7. Try to reduce pesticide use. Pesticides also kill microorganisms that help soil and aid resistance to compaction. You may have heard that microorganisms will break-down or destroy pesticides like herbicides. And this is partly true. But the rest of the story is that those particular microorganisms are not always present in soil, and even if they are, millions and billions of good microorganisms still die from the chemical application. Herbicide reduction can be as simple as spot spraying individual lawn weeds instead of broad full coverage with spray or granules.

8. Have your lawn soil aerated with tines. Use a machine with hollow tines that lifts cores from the ground. This process does not eliminate compaction. It lifts good soil and partially compacted soil that breaks apart on the surface. This breaking apart is when the soil compaction process reverses as the core crumbles and disintegrates. Core aeration also helps irrigation and rain water infiltrate soil better. This works toward the reduction of standing water. DON'T USE SOLID SPIKE AERATION EQUIPMENT including the strap-on shoes with spikes on the soles. These don't pull cores but do compress and compact soil so the sides of the holes as the spikes enter the soil with force. Solid spike aeration equipment does the opposite of what it is sold to do. It is sold to aerate, but instead, it directly compacts soil particles.

9. Bridge traffic over soil. Often, small bridges or boardwalks are built over soil to prevent soil compaction. This is done for trees too. And it works - preventing thousands of footsteps from compressing soil. Compressed compact soil traps gasses in soil and that is harmful for trees. A bridge can be suspended only two inches off the ground and still be very effective.

10. Installation of paths or step stones can encourage or channel foot traffic into one small area. For example, people may be walking all over the turf, compacting soil, like at a university campus, or front yard where delivery or mail is carried. Many people have a tendency to stay on a path, reducing compaction randomly all over the area.

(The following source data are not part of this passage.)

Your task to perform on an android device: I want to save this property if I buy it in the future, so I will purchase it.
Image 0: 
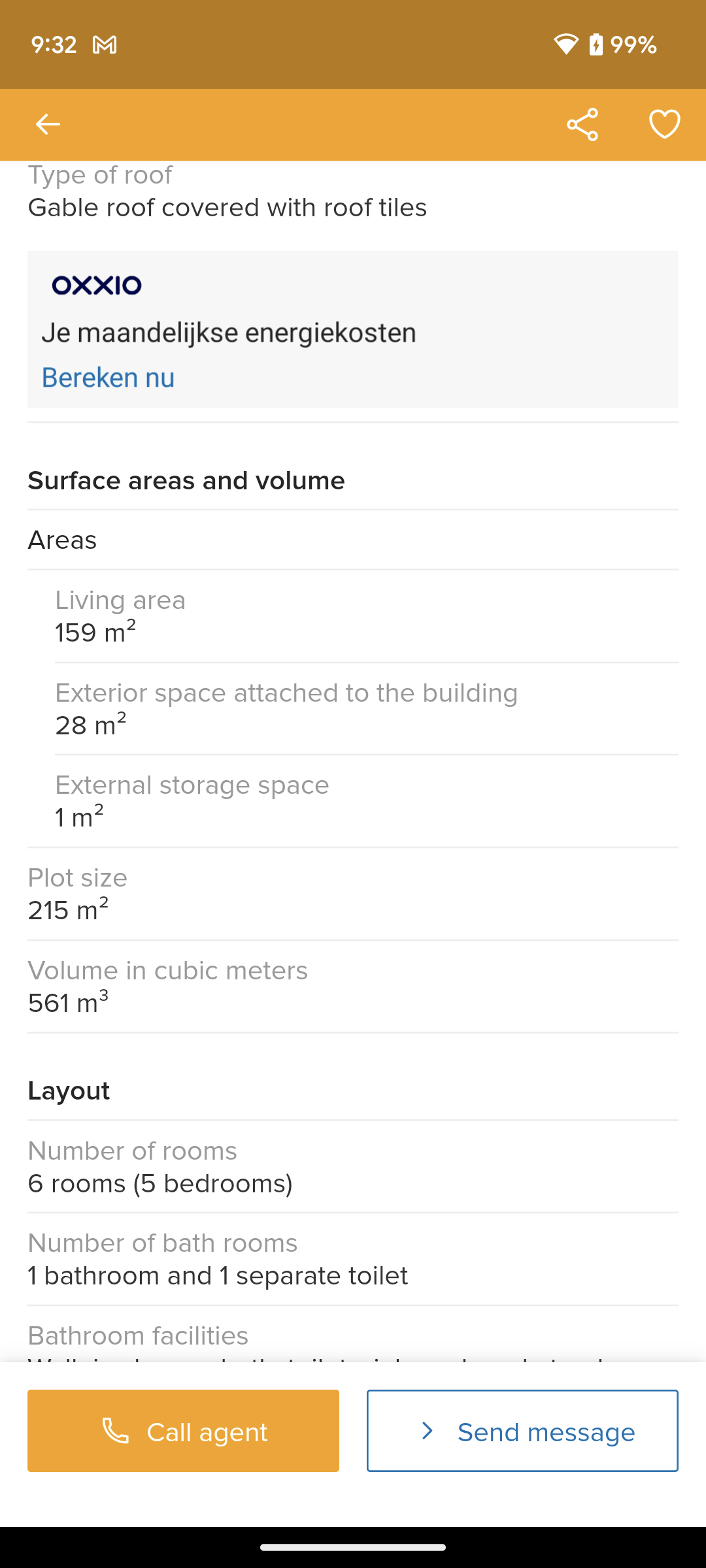
Click on the heart icon at the top right of the screen
Step 0: click (664, 123)
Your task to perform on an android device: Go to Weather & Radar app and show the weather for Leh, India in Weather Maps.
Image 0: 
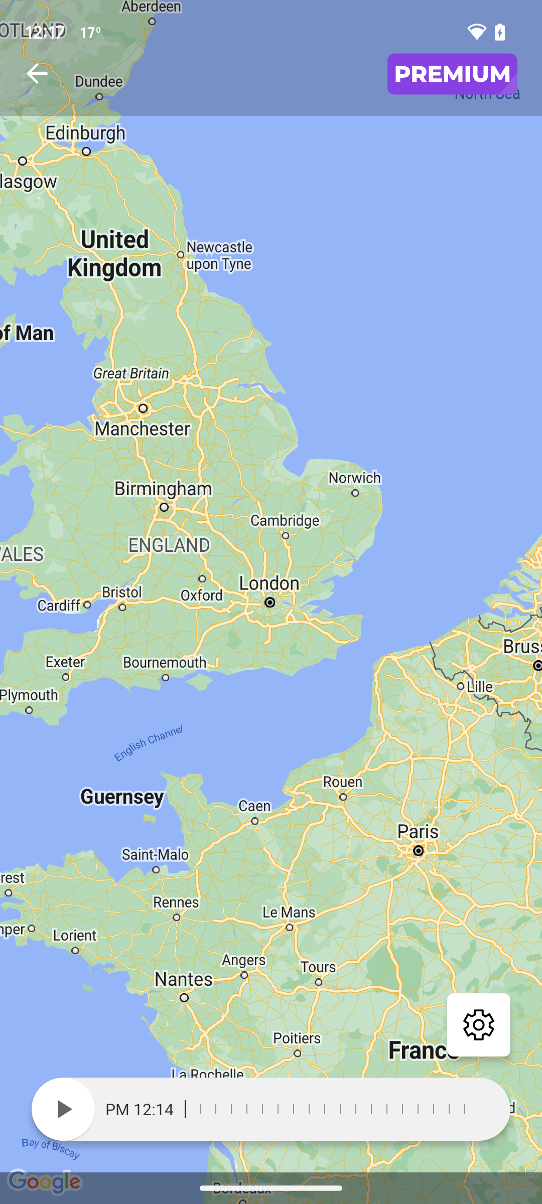
Go to Weather & Radar app
Step 0: open app "Weather&Radar"
Image 2: 
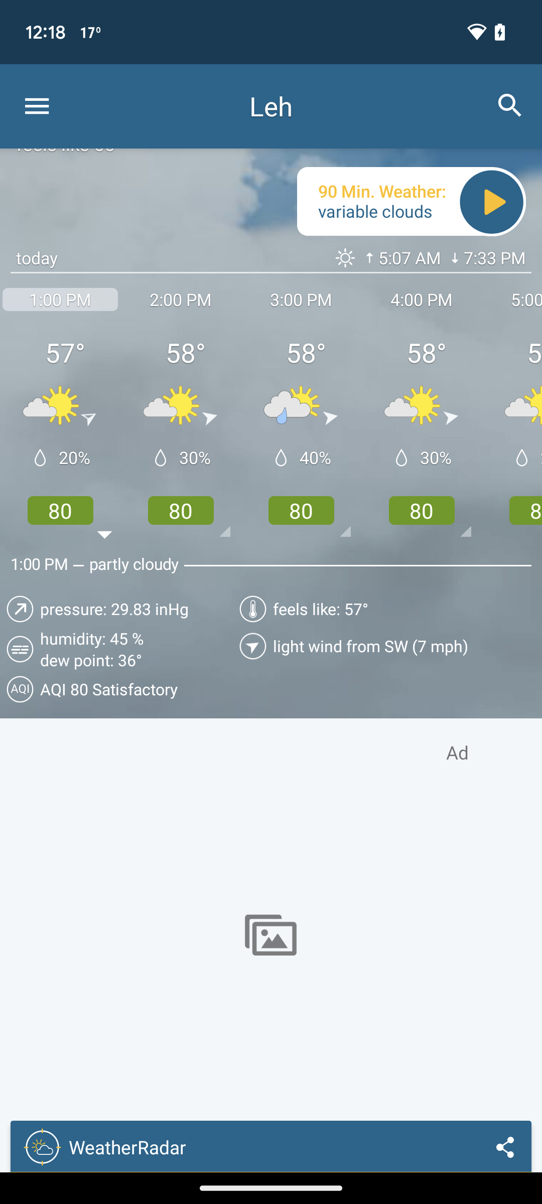
Swipe up
Step 2: scroll down
Image 3: 
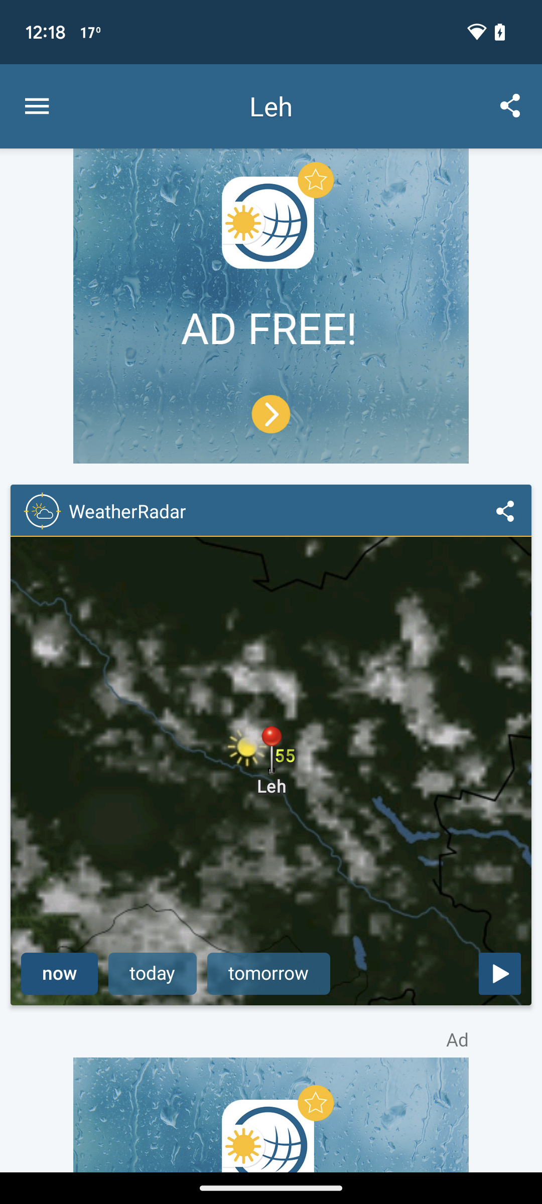
Click on the WeatherRadar map
Step 3: click (271, 771)

One last bit of advice - don't rototill soil until it becomes dust:

Many soils have a structure. When you break or squeeze a clod of soil, it can break into little fragments, crumbs or particles. As you applied pressure, it broke at small fractures, pores or cavities. That quality is good.

Some soil is so compact, that if you threw a moist clod at a brick wall, it would make a “thud” sound and drop to the ground without breaking into fragments. A soil like this is considered a “massive” soil and often has no structure.

Sometimes people rototill soil excessively so that it breaks down beyond just fragments, but even into dust. This is referred to as destroying soil structure.

Using too small of a rototiller in hard soil can result in over-cultivating, because many passes have to be made to get the tines deep into the ground. In a firm soil, use a large rototiller that has the power to rototill deep and break the soil into crumb size particles rather than dust.

A tiny rototiller like some of the 2 stroke engine types are okay in loose soil where one or two passes is sufficient.

Preserving soil structure is beneficial for drainage and the exchange of air and gases for soil and roots.

Damaged soil structure can be improved with gypsum, lime or organic compost. These help the soil develop fracture spaces and aggregated particles.